━━━━━ Data for this exercise

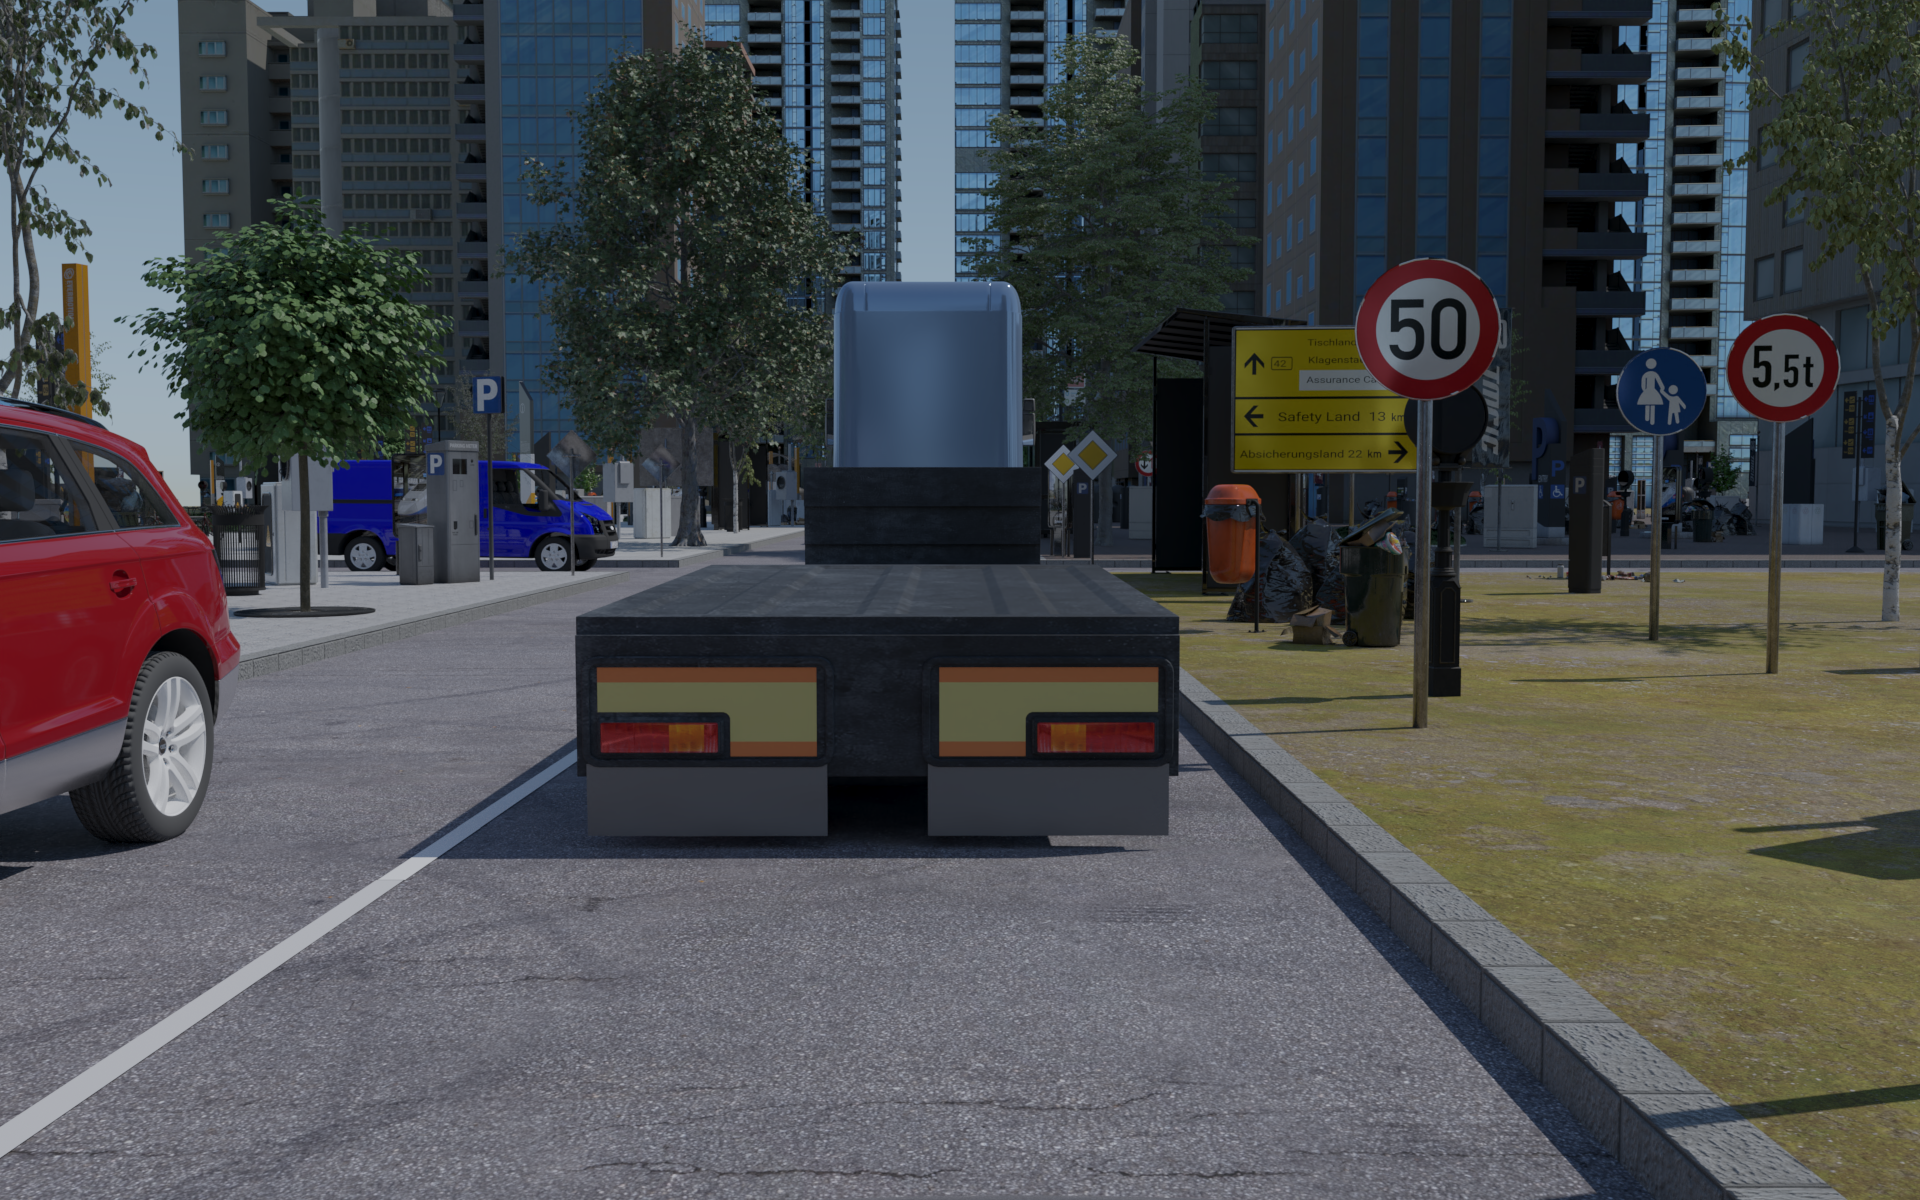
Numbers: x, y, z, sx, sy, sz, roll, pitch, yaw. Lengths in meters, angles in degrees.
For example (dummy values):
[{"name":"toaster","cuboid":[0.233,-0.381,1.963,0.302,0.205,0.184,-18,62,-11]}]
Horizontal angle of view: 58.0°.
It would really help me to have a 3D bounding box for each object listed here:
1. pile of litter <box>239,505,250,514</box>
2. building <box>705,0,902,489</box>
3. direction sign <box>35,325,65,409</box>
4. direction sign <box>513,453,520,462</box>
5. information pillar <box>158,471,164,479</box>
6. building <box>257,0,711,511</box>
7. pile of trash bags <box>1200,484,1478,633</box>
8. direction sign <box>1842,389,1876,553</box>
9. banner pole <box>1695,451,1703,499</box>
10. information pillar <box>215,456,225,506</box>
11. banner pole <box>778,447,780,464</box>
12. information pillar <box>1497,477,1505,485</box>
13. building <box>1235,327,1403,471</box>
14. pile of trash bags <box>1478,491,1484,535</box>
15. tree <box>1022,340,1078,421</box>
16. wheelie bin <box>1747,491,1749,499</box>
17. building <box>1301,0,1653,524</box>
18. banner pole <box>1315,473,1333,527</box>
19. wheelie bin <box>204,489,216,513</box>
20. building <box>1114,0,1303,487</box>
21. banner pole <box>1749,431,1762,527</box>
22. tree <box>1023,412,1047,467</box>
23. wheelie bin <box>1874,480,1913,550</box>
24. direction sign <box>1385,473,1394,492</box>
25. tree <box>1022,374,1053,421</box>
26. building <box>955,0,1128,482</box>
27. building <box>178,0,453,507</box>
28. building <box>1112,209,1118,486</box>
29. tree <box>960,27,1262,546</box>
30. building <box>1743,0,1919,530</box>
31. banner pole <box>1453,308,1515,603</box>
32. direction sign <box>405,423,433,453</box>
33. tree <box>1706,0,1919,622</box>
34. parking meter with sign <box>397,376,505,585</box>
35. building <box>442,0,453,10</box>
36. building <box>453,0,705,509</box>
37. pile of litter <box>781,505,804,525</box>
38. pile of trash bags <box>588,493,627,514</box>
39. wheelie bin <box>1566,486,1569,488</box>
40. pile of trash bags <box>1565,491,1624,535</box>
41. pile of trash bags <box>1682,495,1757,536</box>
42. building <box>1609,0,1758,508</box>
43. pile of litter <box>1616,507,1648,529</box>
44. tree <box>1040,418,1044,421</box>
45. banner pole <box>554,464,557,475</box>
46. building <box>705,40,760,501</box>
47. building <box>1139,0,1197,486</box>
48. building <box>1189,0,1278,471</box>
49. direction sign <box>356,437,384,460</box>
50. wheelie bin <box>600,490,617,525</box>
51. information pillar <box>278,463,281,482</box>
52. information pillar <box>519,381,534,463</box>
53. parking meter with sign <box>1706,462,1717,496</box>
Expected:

━━━━━━━━━━

◆ Problem ◆
Omitting all images, retype each line of the records precisely.

◆ Result for this exercise ◆
Numbers: x, y, z, sx, sy, sz, roll, pitch, yaw. Lengths in meters, angles in degrees.
For example (dummy values):
[{"name":"toaster","cuboid":[0.233,-0.381,1.963,0.302,0.205,0.184,-18,62,-11]}]
Horizontal angle of view: 58.0°.
It would really help me to have a 3D bounding box for each object listed here:
1. pile of litter <box>239,505,250,514</box>
2. building <box>705,0,902,489</box>
3. direction sign <box>35,325,65,409</box>
4. direction sign <box>513,453,520,462</box>
5. information pillar <box>158,471,164,479</box>
6. building <box>257,0,711,511</box>
7. pile of trash bags <box>1200,484,1478,633</box>
8. direction sign <box>1842,389,1876,553</box>
9. banner pole <box>1695,451,1703,499</box>
10. information pillar <box>215,456,225,506</box>
11. banner pole <box>778,447,780,464</box>
12. information pillar <box>1497,477,1505,485</box>
13. building <box>1235,327,1403,471</box>
14. pile of trash bags <box>1478,491,1484,535</box>
15. tree <box>1022,340,1078,421</box>
16. wheelie bin <box>1747,491,1749,499</box>
17. building <box>1301,0,1653,524</box>
18. banner pole <box>1315,473,1333,527</box>
19. wheelie bin <box>204,489,216,513</box>
20. building <box>1114,0,1303,487</box>
21. banner pole <box>1749,431,1762,527</box>
22. tree <box>1023,412,1047,467</box>
23. wheelie bin <box>1874,480,1913,550</box>
24. direction sign <box>1385,473,1394,492</box>
25. tree <box>1022,374,1053,421</box>
26. building <box>955,0,1128,482</box>
27. building <box>178,0,453,507</box>
28. building <box>1112,209,1118,486</box>
29. tree <box>960,27,1262,546</box>
30. building <box>1743,0,1919,530</box>
31. banner pole <box>1453,308,1515,603</box>
32. direction sign <box>405,423,433,453</box>
33. tree <box>1706,0,1919,622</box>
34. parking meter with sign <box>397,376,505,585</box>
35. building <box>442,0,453,10</box>
36. building <box>453,0,705,509</box>
37. pile of litter <box>781,505,804,525</box>
38. pile of trash bags <box>588,493,627,514</box>
39. wheelie bin <box>1566,486,1569,488</box>
40. pile of trash bags <box>1565,491,1624,535</box>
41. pile of trash bags <box>1682,495,1757,536</box>
42. building <box>1609,0,1758,508</box>
43. pile of litter <box>1616,507,1648,529</box>
44. tree <box>1040,418,1044,421</box>
45. banner pole <box>554,464,557,475</box>
46. building <box>705,40,760,501</box>
47. building <box>1139,0,1197,486</box>
48. building <box>1189,0,1278,471</box>
49. direction sign <box>356,437,384,460</box>
50. wheelie bin <box>600,490,617,525</box>
51. information pillar <box>278,463,281,482</box>
52. information pillar <box>519,381,534,463</box>
53. parking meter with sign <box>1706,462,1717,496</box>
Expected:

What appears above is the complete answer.